Other small child: 'That's rude! You can't ask that!'

Wednesday 2 January 2013

Argh! Algebra!

Every year, with every class, in every school, it's there on the scheme of work: Into to Algebra. A lesson of review or true introduction, depending on the class, and how much they've forgotten from last year. There's rarely any guidance or ideas provided for this lesson, even though it's crucial to how the students perceive algebra. I haven't taught it the same way twice yet, but this is where I'm at so far.

We talk about how sometimes, either we don't know what a number is (how many pencils in this box), or the number can change (how many siblings someone has, will change depending on the person). This is when we use letters. We go straight from there into simplifying - one jar of sweets, plus another jar of sweets, is 2 jars of sweets. j + j = 2j

I haven't seen other teachers do this, but I think it's important to get straight into manipulating the letters, rather than using numbers straight away (substituting or solving), so the students get used to using the letters. We use the simplifying to explain the hidden multiplication signs in expressions like 2j, and then think about why we write 2n not  n2. I ask the students to tell me a thing that begins with n - the best so far is ninjas. If, I ask, Sophie and Charlie suddenly revealed that they were ninjas, what would we say? We'd say 'Look, there's....' I repeat this short pantomime until the whole class are shouting at me 'Look, there's 2 ninjas!' Would we say 'Look, there's ninjas 2!'? Clearly not!

That's enough abstract algebra for most 11-13 year olds to handle, so back to the numbers. Everyone pick their favourite number. Yes, go on, do it! You can call that number by the first letter of your name. Alex's favourite number is 7, so he's going to use A for 7. Then, using their favourite numbers, the students have to make a list of numbers that I give them, writing the rules using the letter. So if Alex was making 20, he could write A + 13. Students like to feel clever, so soon they start coming up with more complicated ways, as I encourage them to write multiple methods for the same answer. 2A + 6, for example, using their simplifying knowledge. It's a good lesson in equivalence too.

We review this exercise by asking people for what they wrote, and I write one 'answer' next to every target number on the board. For 20, I might write Alex's answer: 2A + 6. Then we try to guess Alex's number.
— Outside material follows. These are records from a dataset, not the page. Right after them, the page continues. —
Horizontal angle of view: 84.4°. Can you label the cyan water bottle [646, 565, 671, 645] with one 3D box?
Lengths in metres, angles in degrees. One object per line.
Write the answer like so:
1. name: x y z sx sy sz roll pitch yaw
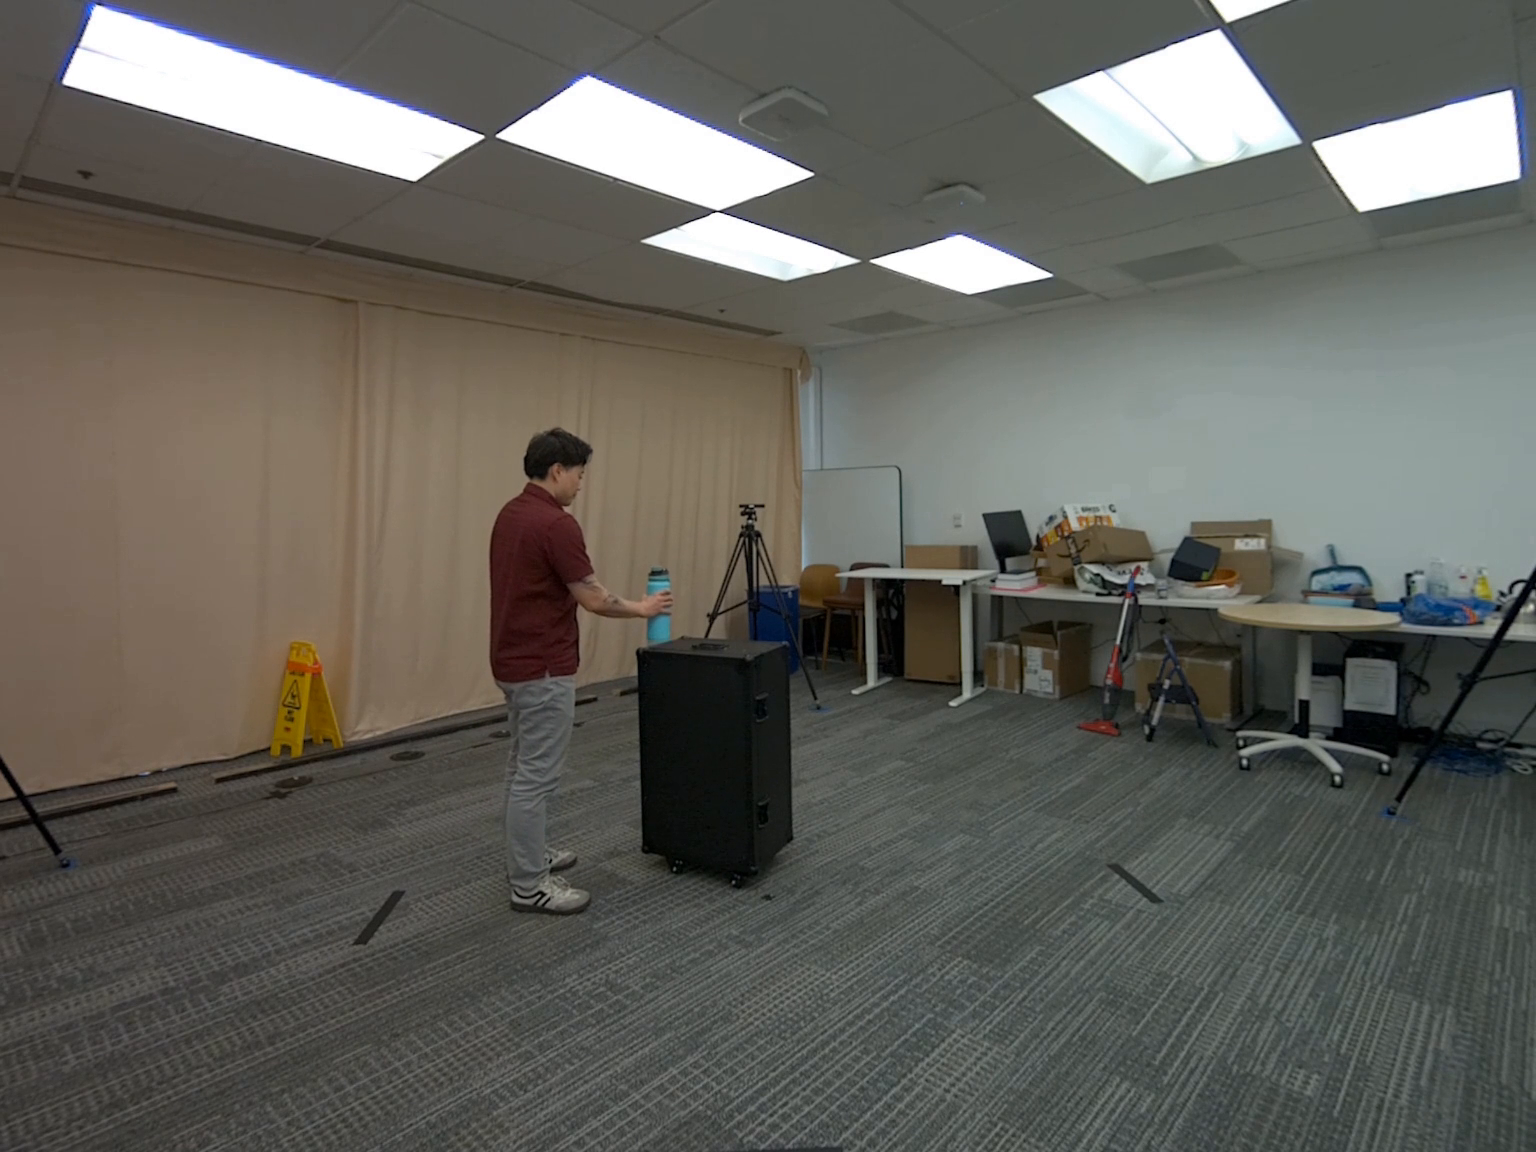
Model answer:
1. cyan water bottle: -0.419 0.103 3.187 0.092 0.283 0.092 3 1 -2

The great thing about this lesson is that, after some explanation of simplifying, the kids can figure everything else out by themselves. I go slowly on the simplifying, taking maybe half an hour, so that everyone can follow. Then they're off! They can make the problems as complicated as they like. I'd like to make the simplifying half of the lesson less teacher-led, and mind-mapping might work for older students, but when they haven't seen algebra before, there needs to be some instruction. Possibly a card sort could replace some of it?

Tuesday 1 January 2013

Ankle-socks

Ankle-socks is 11 years old. She's small, blonde, pretty and popular. She's in middle set maths and doing well, but the rate at which she puts her hand up has dropped over the last term, from 4 or 5 times a lesson to hardly ever. It wasn't a total surprise when I got the email.

Ankle-socks is 'school-phobic'. Her form teacher and parents have noticed that, despite her academic and social success, she does not enjoy school. She seems happy enough in lessons, and I have watcher her at break times chatting with her friends, but when she gets home every night she bursts into tears, and when she gets up in the morning she is desperate not to go to school. She has panic attacks at the bus stop, and has almost completely stopped eating.

The lesson after I got the email, she was smiling and enthusiastic about the work, and chatted to her classmates. I noticed her drifting off sometimes, but that's not altogether unusual. If I hadn't seen her that morning in tears in the front office, with her parents and form teacher trying to persuade her into school, I would hardly have believed the email. What to do?